As a good OO programmer that I hopefully am I prefer to implement against
interfaces rather than classes. This is especially useful when it comes to
multiple inheritance which is as you know an issue and not supported in
languages as Java or C# - for good reasons.

I have an object graph I want to persist using the XML serialization
features of the .NET framework. The interface/class hierarchy of my business
model resembles the following example that I extracted from the UML
specification:


ownedElements * ----------------
|------------>| ModelElement |
| ----------------
| ^ ^
| | |
| ---------- -----------
| | |
| ------------- ------------------------
|-<>| Namespace | | GeneralizableElement |
------------- ------------------------
^ ^
| |
--------- -----------
| |
---------
| Class |
---------

Since multiple inheritance is no problem with interfaces I can easily create
an interface hierarchy that corresponds to the business model above. (I
prefix interface names with the letter 'I'.)
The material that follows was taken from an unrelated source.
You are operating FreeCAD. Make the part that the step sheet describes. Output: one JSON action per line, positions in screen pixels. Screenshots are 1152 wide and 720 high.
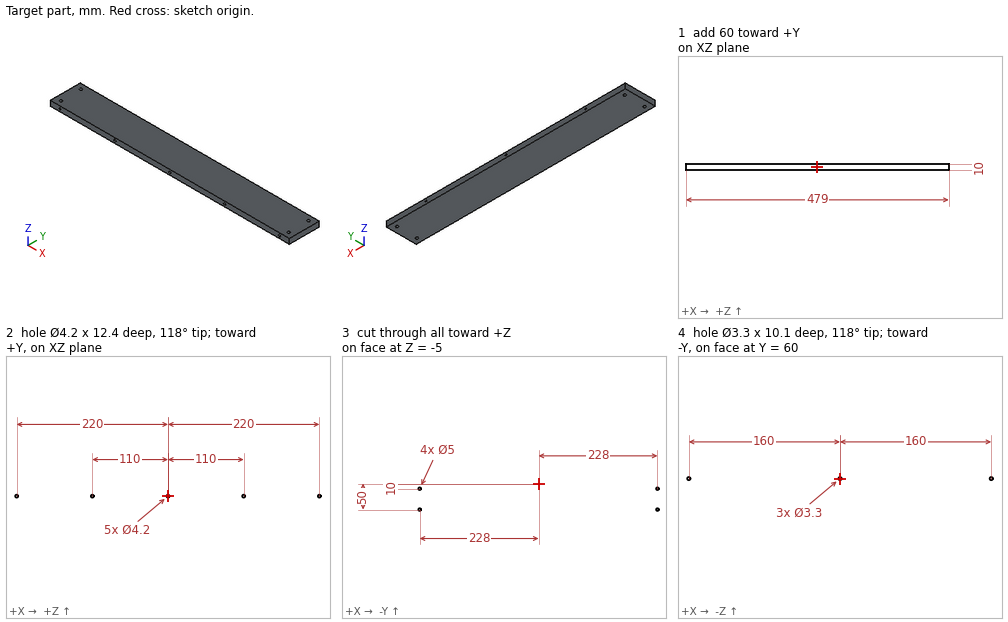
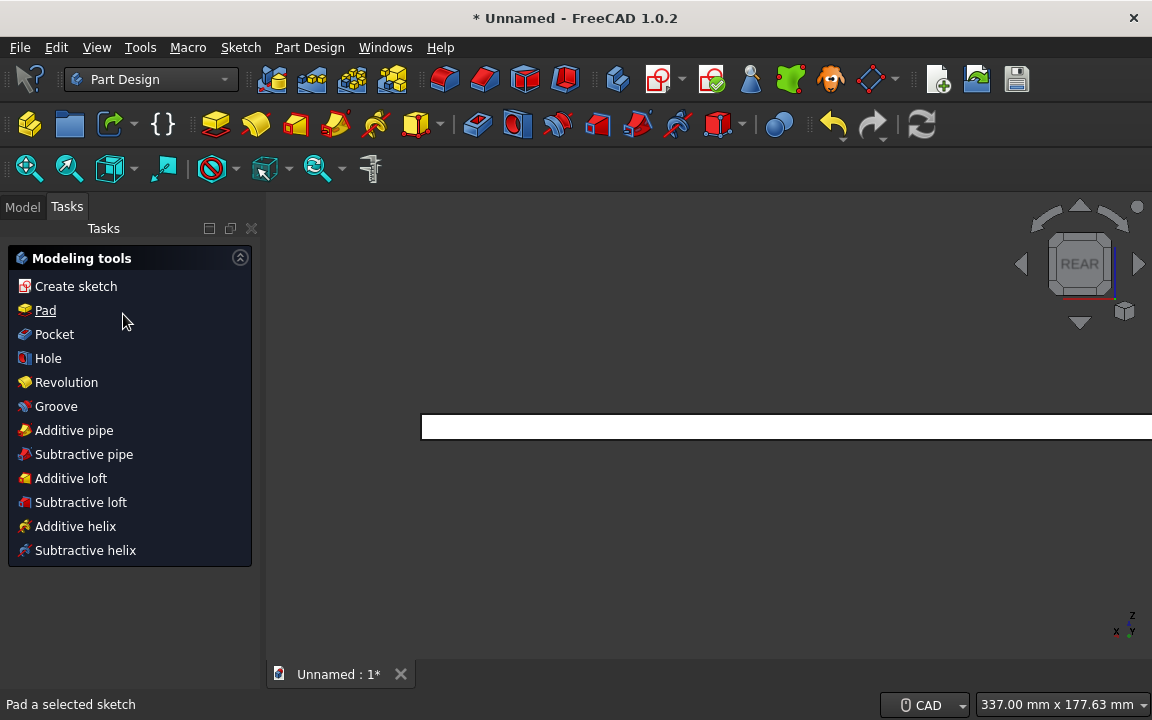
{"action": "left_click", "coordinate": [518, 124]}

For each of the iterfaces I have an implementing class that additionally
inherits from (extends) the implementing class of the parent interface.

Example:

IModelElement
^ ^
| |
| -----------------------
| |
| IGeneralizableElement
| ^
| |
ModelElementImpl |
^ |
| |
----------------------- |
| |
GeneralizableElementImpl

For the multiple inheritance case I decided that the Namespace features of
Class are less important than the features of GeneralizableElement.
ClassImpl therefore extends GeneralizableElementImpl. The features of
Namespace (e.g., the list of owned ModelElements) are realized by
aggregation and delegation. That is, ClassImpl has an aggregate association
to NamespaceImpl (essentially a role class). Each feature of INamespace
(properties as well as operations) is implemented by delegating the call to
the NamespaceImpl instance.

The ownedElements of Namespace are implemented as a collection of
IModelElement (the interface!) since beneath Classes there is a number of
other children of ModelElement that can be owned by a Namespace.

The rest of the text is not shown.